Majelis Al Islam A’la Indunisiya (MIAI) semakin berkiprah setelah kepemimpinannya. Bahkan dalam masa penjajahan Jepang ( 1942-1945) sesepuh dari berbagai kalangan ini masih sempat jadi kepala bagian di Pemerintahan Daerah Bandung sekaligus merangkap sekretaris Sekolah Tinggi Islam (STI) Jakarta.

Di samping itu, saat Pemerintah Jepang berkuasa di negeri Ini, terbentuklah Masyumi (Majelis Syura Muslimin Indonesia) di bawah kepemimpinannya. Kiprah politiknya semakin menanjak semenjak beliau tampil jadi anggota Komite Nasional Indonesia Pusat (KNIP) pada tahun 1945-1946 dan menjabat anggota DPR Sementara di tahun 1948 menjabat sebagai Menteri Penerangan.

Karier politiknya sampai ke puncak ketika ia dilantik menjadi Menteri Penerangan Republik Indonesia. Peranan beliau amat menentukan dalam penyelamatan untuk tetap mempertahankan bentuk Republik sesuai dengan amana Proklamasi 1945, pada tahun 1950-an. Mosi Integrasinya adalah manuver politik yang mengantarkan dia menjadi Perdana Menteri pada usia 42 tahun. Kariernya sebagai politikus mengalami pasang surut setelah bergesekan dengan dinding kekuasaan Demokrasi Terpimpin, yang menjadikan angin segar bagi Komunis pada saat itu.

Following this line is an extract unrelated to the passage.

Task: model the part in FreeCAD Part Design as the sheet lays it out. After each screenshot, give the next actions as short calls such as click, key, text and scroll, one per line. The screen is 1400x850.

Di tengah gelombang politik yang semakin menggelora, Moh. Natsir berada di “tengah-tengah arus” oposan yang digalang oleh para Panglima militer di berbagai daerah dengan wujud PRRI ( Pemerintah Revolusioner Republik Indonesia). Dengan hadirnya beliau di barisan oposisi ini, konflik semakin merebak hingga agresi fisik dan bentrokan senjata tidak bisa dihindari. Dengan “dalih” tuduhan subversif, Bapak Mohamad Natsir terpaksa meringkuk di belakang terali besi selama 7 tahun, tanpa proses peradilan di Batu Malang Jawa Timur. Status sebagai tahanan politik berakhir tahun 1966 di Rumah Tahanan Militer (RTM), Jakarta.

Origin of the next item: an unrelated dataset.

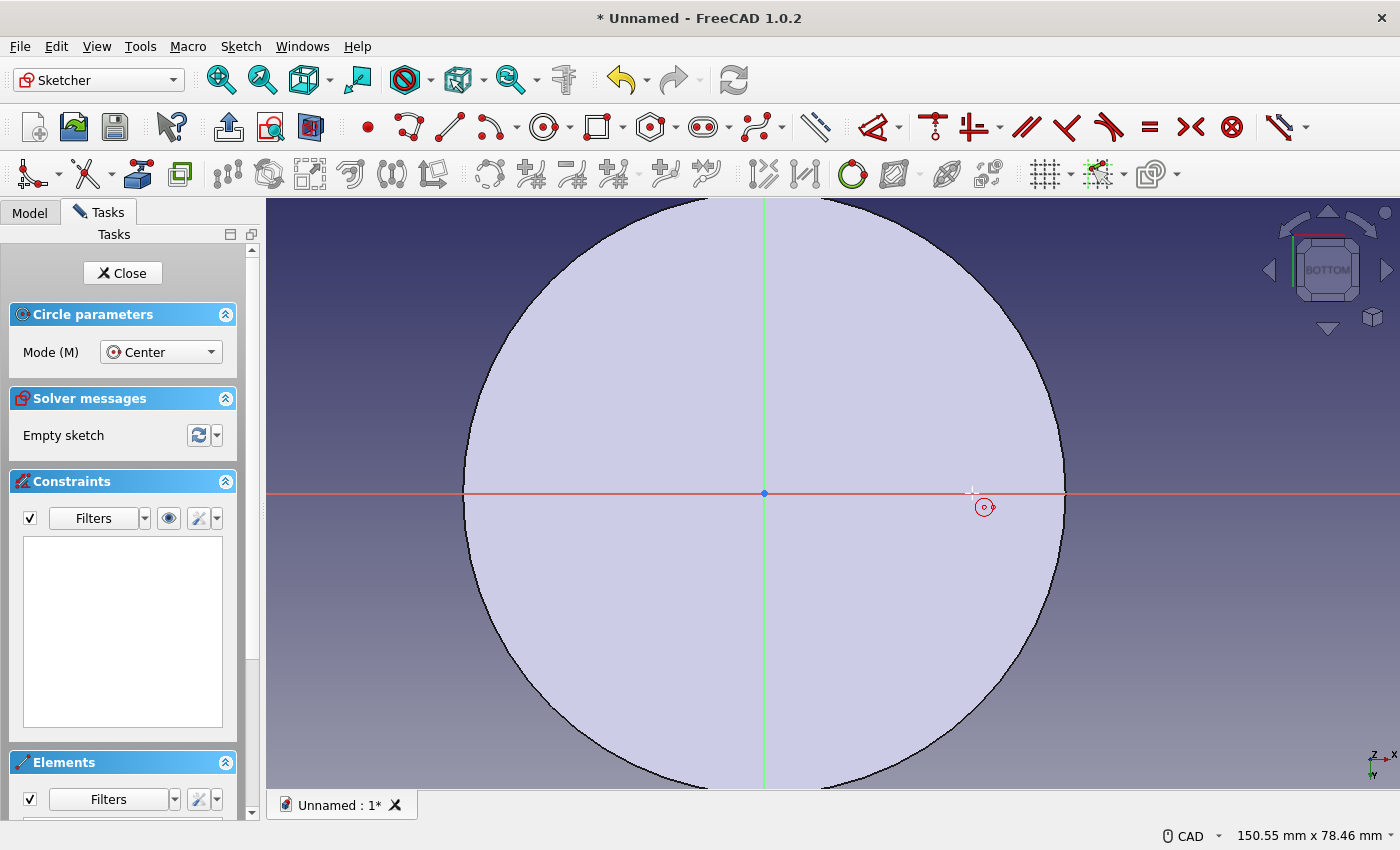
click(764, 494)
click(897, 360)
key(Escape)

Mohamad Natsir menghirup udara kebebasan setelah Presiden Soekarno jatuh dari kursi kepresidenannya. Sebagai seorang panutan umat, ia selalu tampil untuk menyuarakan nurani umat, kendatipun kadang-kadang dengan mempergunakan nama samaran. Dengan menggunakan nama samaran Moechlis di majalah “Pembela Islam” awal tahun 1930?an. Ia tampil meneriakkan berbagai masalah umat yang berkaitan dengan hubungan inter dan antara umat beragam, politik, kebudayaan, ekonomi dan berbagai dilema yang tersentuh oleh realitas yang kadang-kadang sempat menyentuh hal-hal sensitif sehingga ia harus berhadapan dengan pemegang kekuasaan.

Sejak tahun 1967, di samping sebagai Ketua Dewan Dakwah Islam Indonesia (DDII) sampai akhir hayatnya, kepiawaiannya sebagai seorang pemikir dan aktivis dakwah tidak hanya bergema di negeri tercinta ini akan tetapi menjulang tinggi dalam harokah (pergerakan) Islam International. Aktif sebagai anggota Muslim League Makkah (1969-1993), berkiprah di Majlis A’la Al Alamy li Masjid di Makkah kemudian menjabat wakil presiden World Moeslim Congress (Muktamar Alam Islami) Karachi di Pakistan (1967-1993). Juga ikut membidani The International Islam Charitable Foundation, Kuwait dan Oxford Center For Islamic Studies di Inggris.

Karya-Karya Muhammad Natsir

Banyak karya tulis yang ditinggalkan oleh Muhammad Natsir, baik yang terkait dengan dakwah atau pemikiran. Sebagian telah diterbitkan dalam bahasa Arab dengan jumlah lebih dari 35 buah buku, diantaranya adalah Fiqhud Da’wah (Fikih Dakwah) dan Ikhtaru Ahadas Sabilain (Pilih salah satu dari dua jalan). Disamping itu masih banyak ceramah, riset, makalah Muhammad Natsir yang tersebar dan tidak dapat dihitung. Muhammad Natsir pulang kerahmatullah pada tanggal 5 Februari 1993, beliau meninggalkan keteladanan untuk generasi muda.